24/03/07 21:06:32 WARN Utils: Your hostname, Francisco-MacBook-Pro.local resolves to a loopback address: 127.0.0.1; using 10.191.2.158 instead (on interface en0)
24/03/07 21:06:32 WARN Utils: Set SPARK_LOCAL_IP if you need to bind to another address
Setting default log level to "WARN".
To adjust logging level use sc.setLogLevel(newLevel). For SparkR, use setLogLevel(newLevel).
24/03/07 21:06:32 WARN NativeCodeLoader: Unable to load native-hadoop library for your platform... using builtin-java classes where applicable


In [4]:
# Creating dataframe from the csv file and infering the schema
df = spark.read.load("Files/Tax2.csv", format="csv", sep=",", inferschema="true", header="true")

In [5]:
# Rename the column
df = df.withColumnRenamed("Country Name","country")
columns_to_drop = [str(year) for year in range(1960, 2000)]
df = df.drop("Country Code","Indicator Name","Indicator Code",*columns_to_drop,"_c67")

In [6]:
# Assuming df is properly defined DataFrame
df = df.select("country", explode(array([
    struct(lit(year).alias("year"), col(str(year)).alias("tax")) 
    for year in range(2000, 2023)
])).alias("data")).selectExpr("country", "data.year", "data.tax")

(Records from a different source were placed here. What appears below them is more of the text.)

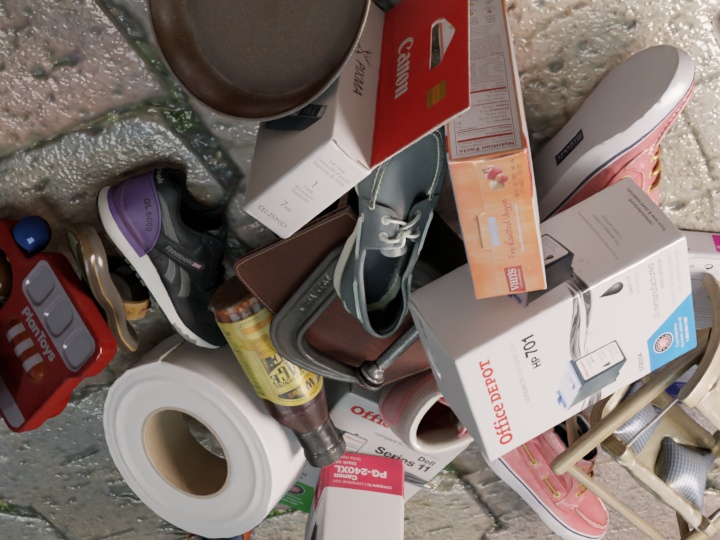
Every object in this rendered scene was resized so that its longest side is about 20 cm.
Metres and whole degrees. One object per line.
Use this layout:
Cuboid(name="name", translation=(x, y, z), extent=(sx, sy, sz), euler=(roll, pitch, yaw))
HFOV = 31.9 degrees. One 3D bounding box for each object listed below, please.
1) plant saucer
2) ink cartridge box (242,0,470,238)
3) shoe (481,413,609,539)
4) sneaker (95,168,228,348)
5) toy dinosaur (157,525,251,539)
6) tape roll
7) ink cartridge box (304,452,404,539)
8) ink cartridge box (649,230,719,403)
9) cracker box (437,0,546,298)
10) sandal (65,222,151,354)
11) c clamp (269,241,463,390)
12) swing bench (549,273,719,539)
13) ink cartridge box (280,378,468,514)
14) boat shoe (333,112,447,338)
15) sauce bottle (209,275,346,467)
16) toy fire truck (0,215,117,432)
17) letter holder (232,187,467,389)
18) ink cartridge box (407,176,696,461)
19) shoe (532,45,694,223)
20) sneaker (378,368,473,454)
Cuboid(name="plant saucer", translation=(-0.069, -0.206, 0.894), extent=(0.200, 0.200, 0.032), euler=(-31, 168, 30))
Cuboid(name="ink cartridge box", translation=(-0.001, -0.141, 0.907), extent=(0.176, 0.200, 0.045), euler=(-34, 123, 31))
Cuboid(name="shoe", translation=(0.221, 0.216, 1.324), extent=(0.091, 0.072, 0.200), euler=(-28, 121, 35))
Cuboid(name="sneaker", translation=(-0.149, -0.008, 1.141), extent=(0.087, 0.076, 0.200), euler=(-21, 129, 16))
Cuboid(name="toy dinosaur", translation=(-0.175, 0.336, 1.502), extent=(0.181, 0.105, 0.200), euler=(-42, 157, 22))
Cuboid(name="tape roll", translation=(-0.156, 0.163, 1.249), extent=(0.202, 0.071, 0.203), euler=(14, 121, 24))
Cuboid(name="ink cartridge box", translation=(-0.011, 0.300, 1.220), extent=(0.083, 0.200, 0.145), euler=(10, 135, -6))
Cuboid(name="ink cartridge box", translation=(0.276, 0.045, 1.176), extent=(0.119, 0.042, 0.200), euler=(5, 132, -2))
Cuboid(name="cracker box", translation=(0.097, -0.096, 0.941), extent=(0.058, 0.200, 0.134), euler=(-8, 134, 9))
Cuboid(name="sandal", translation=(-0.223, 0.013, 1.148), extent=(0.055, 0.082, 0.200), euler=(-28, 152, -15))
Cuboid(name="c clamp", translation=(0.024, 0.045, 1.067), extent=(0.171, 0.027, 0.200), euler=(31, 130, -23))
Cuboid(name="swing bench", translation=(0.305, 0.141, 1.152), extent=(0.200, 0.130, 0.199), euler=(-33, 125, 28))
Cuboid(name="ink cartridge box", translation=(0.001, 0.172, 1.293), extent=(0.146, 0.083, 0.200), euler=(25, 130, -19))
Cuboid(name="boat shoe", translation=(0.029, -0.032, 0.940), extent=(0.073, 0.062, 0.200), euler=(-3, 135, -23))
Cuboid(name="sauce bottle", translation=(-0.069, 0.094, 1.162), extent=(0.066, 0.066, 0.200), euler=(-17, 119, 20))
Cuboid(name="toy fire truck", translation=(-0.313, 0.041, 1.141), extent=(0.168, 0.200, 0.112), euler=(-43, 158, 24))
Cuboid(name="letter holder", translation=(0.000, 0.000, 1.116), extent=(0.142, 0.101, 0.200), euler=(-26, 127, 29))
Cuboid(name="ink cartridge box", translation=(0.155, 0.040, 0.993), extent=(0.200, 0.086, 0.147), euler=(-29, 138, -6))
Cuboid(name="shoe", translation=(0.217, -0.094, 1.019), extent=(0.091, 0.072, 0.200), euler=(22, 134, -24))
Cuboid(name="sneaker", translation=(0.111, 0.096, 1.149), extent=(0.200, 0.105, 0.075), euler=(-37, 108, 1))

df = df.orderBy("country")

In [7]:
# Replace null values in 'total_cases' column with 0
df = df.withColumn("tax", when(df["tax"].isNull(), 0).otherwise(df["tax"]))

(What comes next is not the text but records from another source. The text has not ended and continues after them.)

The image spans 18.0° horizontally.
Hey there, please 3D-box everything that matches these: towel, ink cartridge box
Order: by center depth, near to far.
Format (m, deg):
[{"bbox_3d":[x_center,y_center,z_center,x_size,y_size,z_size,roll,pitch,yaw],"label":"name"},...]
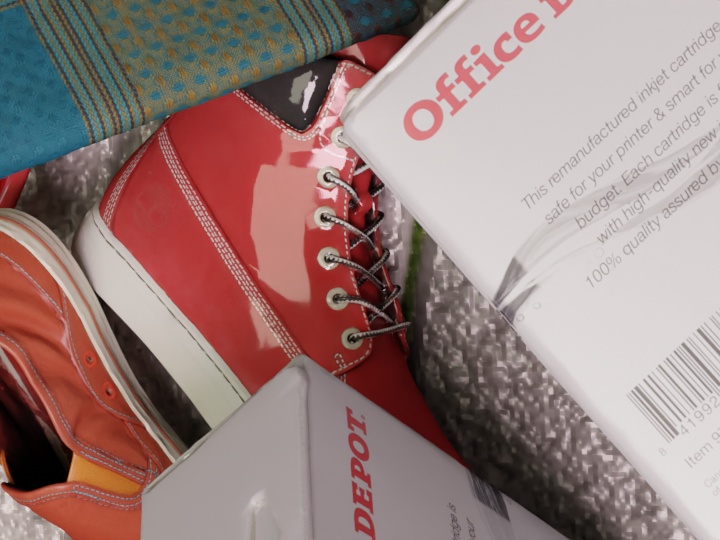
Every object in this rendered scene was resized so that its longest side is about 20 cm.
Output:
[{"bbox_3d":[0.027,0.142,0.715,0.200,0.147,0.084,36,118,-27],"label":"ink cartridge box"},{"bbox_3d":[0.113,-0.019,0.724,0.145,0.083,0.200,-42,77,6],"label":"ink cartridge box"},{"bbox_3d":[-0.098,-0.111,0.780,0.147,0.199,0.022,62,159,18],"label":"towel"}]

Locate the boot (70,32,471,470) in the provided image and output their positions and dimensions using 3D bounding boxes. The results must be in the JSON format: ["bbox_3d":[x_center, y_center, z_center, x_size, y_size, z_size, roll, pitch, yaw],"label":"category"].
[{"bbox_3d":[0.000,0.000,0.809,0.200,0.072,0.145,45,112,18],"label":"boot"}]

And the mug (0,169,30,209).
[{"bbox_3d":[-0.213,-0.022,0.846,0.176,0.134,0.201,7,125,19],"label":"mug"}]

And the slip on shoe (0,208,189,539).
[{"bbox_3d":[-0.104,0.074,0.847,0.074,0.061,0.201,-8,118,44],"label":"slip on shoe"}]

# Cast columns to their desired types
df = df.withColumn("country", col("country").cast("string"))
df = df.withColumn("year", col("year").cast("int"))
df = df.withColumn("tax", col("tax").cast("double"))

In [8]:
# Filter data for years greater than 2010 and lower than 2024
df = df.filter(df["year"] > 2010)
df = df.filter(df["year"] < 2024)

In [9]:
# Order by country and then by year
df = df.orderBy("country", "year")

### $\textbf{Pre-Processing}$

In [10]:
replacements = {
    "China, People's Republic of": "China",
    "Gambia, The": "Gambia",
    "Micronesia, Fed. States of": "Micronesia",
    "South Sudan, Republic of": "South Sudan",
    "Taiwan Province of China": "Taiwan",
    "Türkiye, Republic of": "Türkiye",
    "Korea, Republic of": "South Korea",
    "Congo": "Democratic Republic of the Congo",
    "Caribbean small states": "Caribbean"
}

# Rename columns based on replacements dictionary
for old_value, new_value in replacements.items():
    df = df.withColumnRenamed(old_value, new_value)

In [11]:
# Columns to drop
countries_to_remove = ['Africa Eastern and Southern', 
                       'Africa Western and Central', 
                       'Central Europe and the Baltics', 
                       'Early-demographic dividend', 
                       'East Asia & Pacific', 
                       'East Asia & Pacific (IDA & IBRD countries)', 
                       'East Asia & Pacific (excluding high income)', 
                       'Euro area',
                       'Europe & Central Asia',
                       'Europe & Central Asia (IDA & IBRD countries)',
                       'Europe & Central Asia (excluding high income)',
                       'European Union',
                       'Fragile and conflict affected situations',
                       'Heavily indebted poor countries (HIPC)',
                       'High income',
                       'IBRD only',
                       'IDA & IBRD total',
                       'IDA blend',
                       'IDA only',
                       'IDA total',
                       'Latin America & the Caribbean (IDA & IBRD countries)',
                       'Latin America & Caribbean (excluding high income)',
                       'Least developed countries: UN classification',
                       'Low & middle income',
                       'Low income',
                       'Lower middle income',
                       'Middle East & North Africa',
                       'Middle East & North Africa (IDA & IBRD countries)',
                       'Middle East & North Africa (excluding high income)',
                       'Middle income',
                       'Not classified',
                       'OECD members',
                       'Other small states',
                       'Pacific island small states'
                       'Post-demographic dividend',
                       'Pre-demographic dividend',
                       'Small states',
                       'South Asia',
                       'South Asia (IDA & IBRD)',
                       'Sub-Saharan Africa (IDA & IBRD countries)',
                       'Sub-Saharan Africa (excluding high income)',
                       'Upper middle income',
                       'World'
                       ]

# Drop the specified rows
df = df.filter(~df['country'].isin(countries_to_remove))

In [12]:
# Remove rows with missing values in the 'country' column
df = df.dropna(subset=['country'])

In [13]:
#Storing this dataframe in parquet
df.write.mode("overwrite").parquet("FilesParquet/Tax.parquet" )
spark.read.parquet("FilesParquet/Tax.parquet").show()
spark.stop()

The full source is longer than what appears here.